In India, as per the report, there are approximately 266.8 million users of tobacco, the majority of whom consume smokeless tobacco products. Despite substantial progress in tobacco control, the reach of cessation services remains uneven across different population groups. According to the study authors, recent studies indicate that HTCPs are increasingly being used by young adults and the regulatory landscape for these products remains fragmented.
HTCPs encompass a broad category of formulations—including herbal capsules, lozenges, gutkha substitutes, powders and herbal smokes—claimed as natural, safer alternatives to conventional pharmacotherapy.
According to Dr Singh, these products are increasingly available on digital platforms, where vendors often make therapeutic claims such as ‘eliminates cravings,’ ‘detoxifies lungs,’ or ‘replaces gutkha safely’.
Researchers searched some of the major Indian e-commerce platforms, screened product listings and categorised product type, claimed indications, presence of disclaimers, regulatory approvals and pricing.
“We were able to identify 316 unique HTCPs across some of the major Indian e-commerce platforms,” he said.
The study showed that HTCPs were marketed in three primary formulations: combustible products (42.7 per cent), raw herbal preparations (34.5 per cent) and other formats such as gummies, drops, capsules and patches (22.8 per cent). Products featured diverse flavours and varied widely in pricing.

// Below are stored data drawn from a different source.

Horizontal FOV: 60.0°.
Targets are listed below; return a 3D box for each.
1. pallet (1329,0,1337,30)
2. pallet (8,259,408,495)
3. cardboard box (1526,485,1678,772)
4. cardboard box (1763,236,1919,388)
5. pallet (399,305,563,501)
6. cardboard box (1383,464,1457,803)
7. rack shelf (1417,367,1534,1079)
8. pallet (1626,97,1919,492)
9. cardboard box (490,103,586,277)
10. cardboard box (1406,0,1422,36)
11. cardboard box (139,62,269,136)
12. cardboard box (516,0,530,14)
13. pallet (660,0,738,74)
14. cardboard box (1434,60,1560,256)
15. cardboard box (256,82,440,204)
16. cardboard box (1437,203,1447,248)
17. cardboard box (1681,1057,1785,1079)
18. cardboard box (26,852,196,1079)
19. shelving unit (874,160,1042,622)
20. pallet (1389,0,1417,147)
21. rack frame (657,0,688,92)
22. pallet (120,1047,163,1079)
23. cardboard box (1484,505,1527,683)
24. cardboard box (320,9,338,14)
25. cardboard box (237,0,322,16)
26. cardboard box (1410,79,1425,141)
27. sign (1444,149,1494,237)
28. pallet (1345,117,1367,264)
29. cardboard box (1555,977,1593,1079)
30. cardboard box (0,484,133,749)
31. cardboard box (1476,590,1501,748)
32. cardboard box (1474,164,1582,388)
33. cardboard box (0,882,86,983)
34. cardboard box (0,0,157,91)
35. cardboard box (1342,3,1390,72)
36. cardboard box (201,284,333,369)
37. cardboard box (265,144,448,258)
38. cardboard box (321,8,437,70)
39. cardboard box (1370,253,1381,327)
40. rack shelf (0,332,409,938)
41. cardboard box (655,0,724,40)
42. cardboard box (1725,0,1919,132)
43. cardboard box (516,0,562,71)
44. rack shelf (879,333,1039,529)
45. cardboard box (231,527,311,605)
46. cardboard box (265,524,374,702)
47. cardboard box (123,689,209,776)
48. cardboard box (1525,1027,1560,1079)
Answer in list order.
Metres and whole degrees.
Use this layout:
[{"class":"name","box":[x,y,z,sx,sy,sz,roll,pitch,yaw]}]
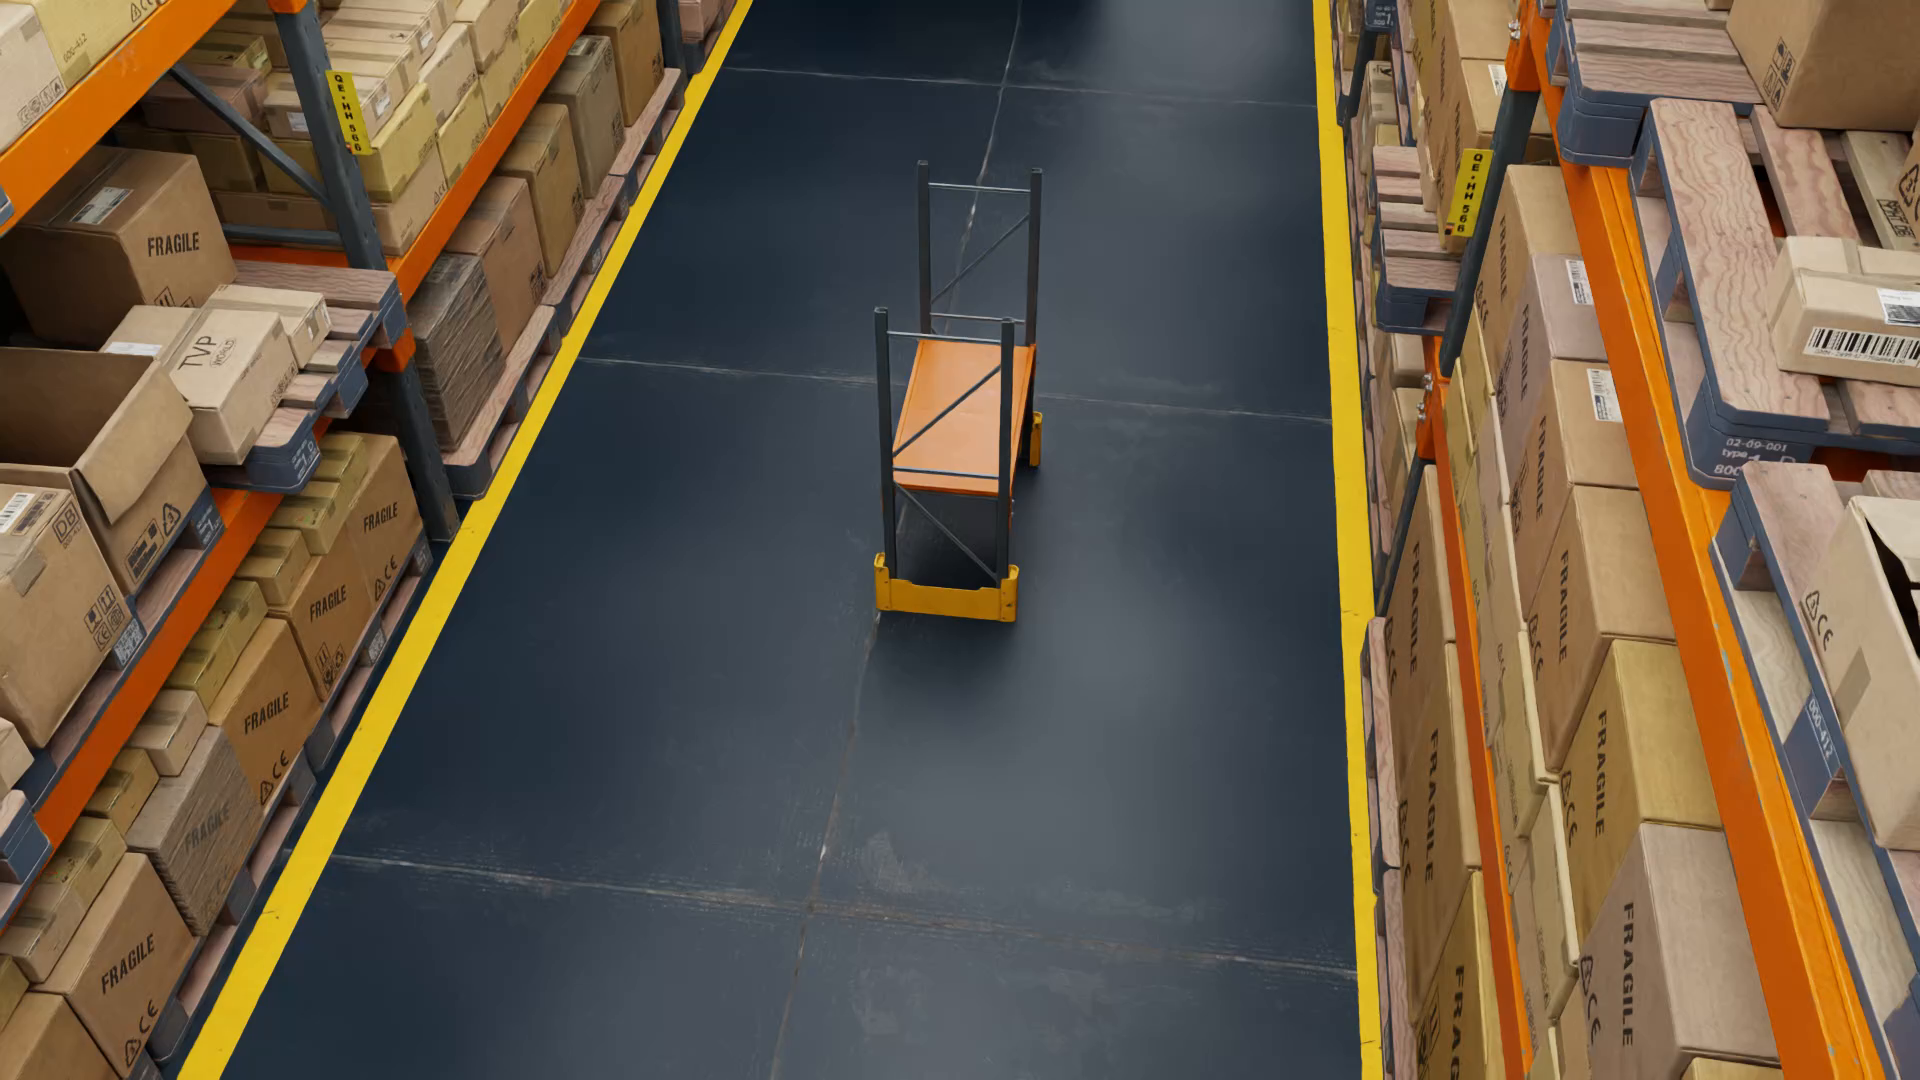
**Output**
[{"class":"pallet","box":[2.963,-3.718,11.023,1.003,0.211,1.213,5,44,6]},{"class":"pallet","box":[-2.719,-0.620,5.863,1.213,0.211,1.003,5,44,6]},{"class":"cardboard box","box":[1.705,0.239,4.016,0.500,0.500,0.500,6,44,6]},{"class":"cardboard box","box":[1.794,-0.443,3.219,0.380,0.166,0.250,9,44,9]},{"class":"pallet","box":[-2.551,-0.703,7.839,1.003,0.211,1.213,5,44,6]},{"class":"cardboard box","box":[2.048,0.373,5.915,0.875,0.875,0.875,5,44,5]},{"class":"rack shelf","box":[1.958,0.915,4.626,1.077,0.370,4.000,5,44,6]},{"class":"pallet","box":[2.044,-0.524,3.578,1.003,0.211,1.213,7,44,7]},{"class":"cardboard box","box":[-2.435,-1.777,8.367,0.875,0.625,0.625,4,44,4]},{"class":"cardboard box","box":[2.203,-2.411,7.020,0.500,0.500,0.500,4,44,4]},{"class":"cardboard box","box":[-2.856,-1.670,6.288,0.380,0.149,0.250,7,44,7]},{"class":"cardboard box","box":[-2.201,-2.612,7.573,0.500,0.250,0.500,6,44,6]},{"class":"pallet","box":[-2.023,-3.410,10.698,1.003,0.211,1.213,5,44,6]},{"class":"cardboard box","box":[2.006,-1.342,5.891,0.500,0.500,0.500,4,44,4]},{"class":"cardboard box","box":[-2.373,-1.563,6.465,0.500,0.250,0.500,5,44,5]},{"class":"cardboard box","box":[1.996,-1.205,6.218,0.380,0.149,0.250,6,44,6]},{"class":"cardboard box","box":[1.503,1.290,2.906,0.500,0.500,0.500,7,44,7]},{"class":"cardboard box","box":[-2.810,1.310,5.197,0.500,0.500,0.500,4,44,4]},{"class":"shelving unit","box":[0.010,-0.597,6.789,0.587,1.500,1.083,5,44,6]},{"class":"pallet","box":[2.443,-1.993,7.313,1.003,0.211,1.213,5,44,6]},{"class":"rack frame","box":[-2.170,-3.884,9.171,1.000,3.000,0.127,5,44,6]},{"class":"pallet","box":[-3.157,2.023,4.961,1.003,0.211,1.213,5,44,6]},{"class":"cardboard box","box":[1.763,0.177,4.627,0.500,0.250,0.500,5,44,5]},{"class":"cardboard box","box":[-2.780,-2.307,7.250,0.500,0.250,0.500,5,44,5]},{"class":"cardboard box","box":[-2.874,-2.203,6.851,0.380,0.149,0.250,4,44,5]},{"class":"cardboard box","box":[2.048,-1.741,6.784,0.380,0.149,0.250,6,44,6]},{"class":"sign","box":[1.683,-1.144,5.492,0.100,0.325,0.005,5,44,6]},{"class":"pallet","box":[2.649,-1.892,9.095,1.003,0.211,1.213,5,44,6]},{"class":"cardboard box","box":[1.569,1.225,3.520,0.500,0.250,0.500,6,44,7]},{"class":"cardboard box","box":[-2.770,0.182,4.498,0.700,0.500,0.500,5,44,5]},{"class":"cardboard box","box":[1.782,0.364,4.793,0.500,0.250,0.500,7,44,7]},{"class":"cardboard box","box":[1.914,-0.795,5.108,0.500,0.500,0.500,4,44,4]},{"class":"cardboard box","box":[-2.841,1.140,4.905,0.380,0.149,0.250,5,44,5]},{"class":"cardboard box","box":[-2.592,-1.479,4.557,0.500,0.250,0.500,5,44,6]},{"class":"cardboard box","box":[2.562,-3.017,9.949,0.500,0.250,0.500,7,44,7]},{"class":"cardboard box","box":[-2.405,-0.737,5.724,0.380,0.149,0.250,6,44,6]},{"class":"cardboard box","box":[-2.398,-1.384,6.639,0.500,0.250,0.500,5,44,6]},{"class":"cardboard box","box":[-2.322,-1.980,6.615,0.380,0.149,0.250,6,44,7]},{"class":"cardboard box","box":[2.502,-1.312,8.060,0.950,0.372,0.625,7,44,7]},{"class":"rack shelf","box":[-2.963,0.466,5.100,1.077,0.370,4.000,5,44,6]},{"class":"cardboard box","box":[-1.778,-3.338,10.288,0.500,0.250,0.500,6,44,6]},{"class":"cardboard box","box":[2.279,-1.296,3.877,0.700,0.500,0.500,3,44,3]},{"class":"cardboard box","box":[-2.195,-2.431,7.745,0.500,0.250,0.500,7,44,7]},{"class":"rack shelf","box":[0.011,-0.472,6.919,0.538,0.185,1.000,5,44,6]},{"class":"cardboard box","box":[-2.597,0.085,6.019,0.380,0.149,0.250,4,44,4]},{"class":"cardboard box","box":[-2.618,0.245,6.323,0.500,0.500,0.500,5,44,5]},{"class":"cardboard box","box":[-2.716,0.622,5.452,0.380,0.149,0.250,3,44,4]},{"class":"cardboard box","box":[1.571,1.395,3.704,0.500,0.250,0.500,5,44,5]}]

“Our verification of regulatory claims through official databases adds credibility to the findings,” Dr Singh said.
According to the study findings, only 23 per cent of products with AYUSH claims and 15 per cent with Central Drugs Standard Control Organisation (CDSCO) claims could be verified through official databases. Of the 316 HTCPs, 197 (62.3 per cent) reported at least one form of certification claim.
Additionally, 43.7 per cent of products promoted ancillary health claims such as detoxification or anxiety relief. Only 12 of the products displayed age restrictions, and none had functional age verification mechanisms. A small fraction (0.5 per cent) referenced World Health Organization (WHO) affiliation, raising concerns about potentially misleading endorsements.
The authors urged e-commerce platforms to implement mandatory health claims verification and functional age-restriction protocols. They added that all products must undergo testing in accredited facilities, such as the National Tobacco Testing Laboratories.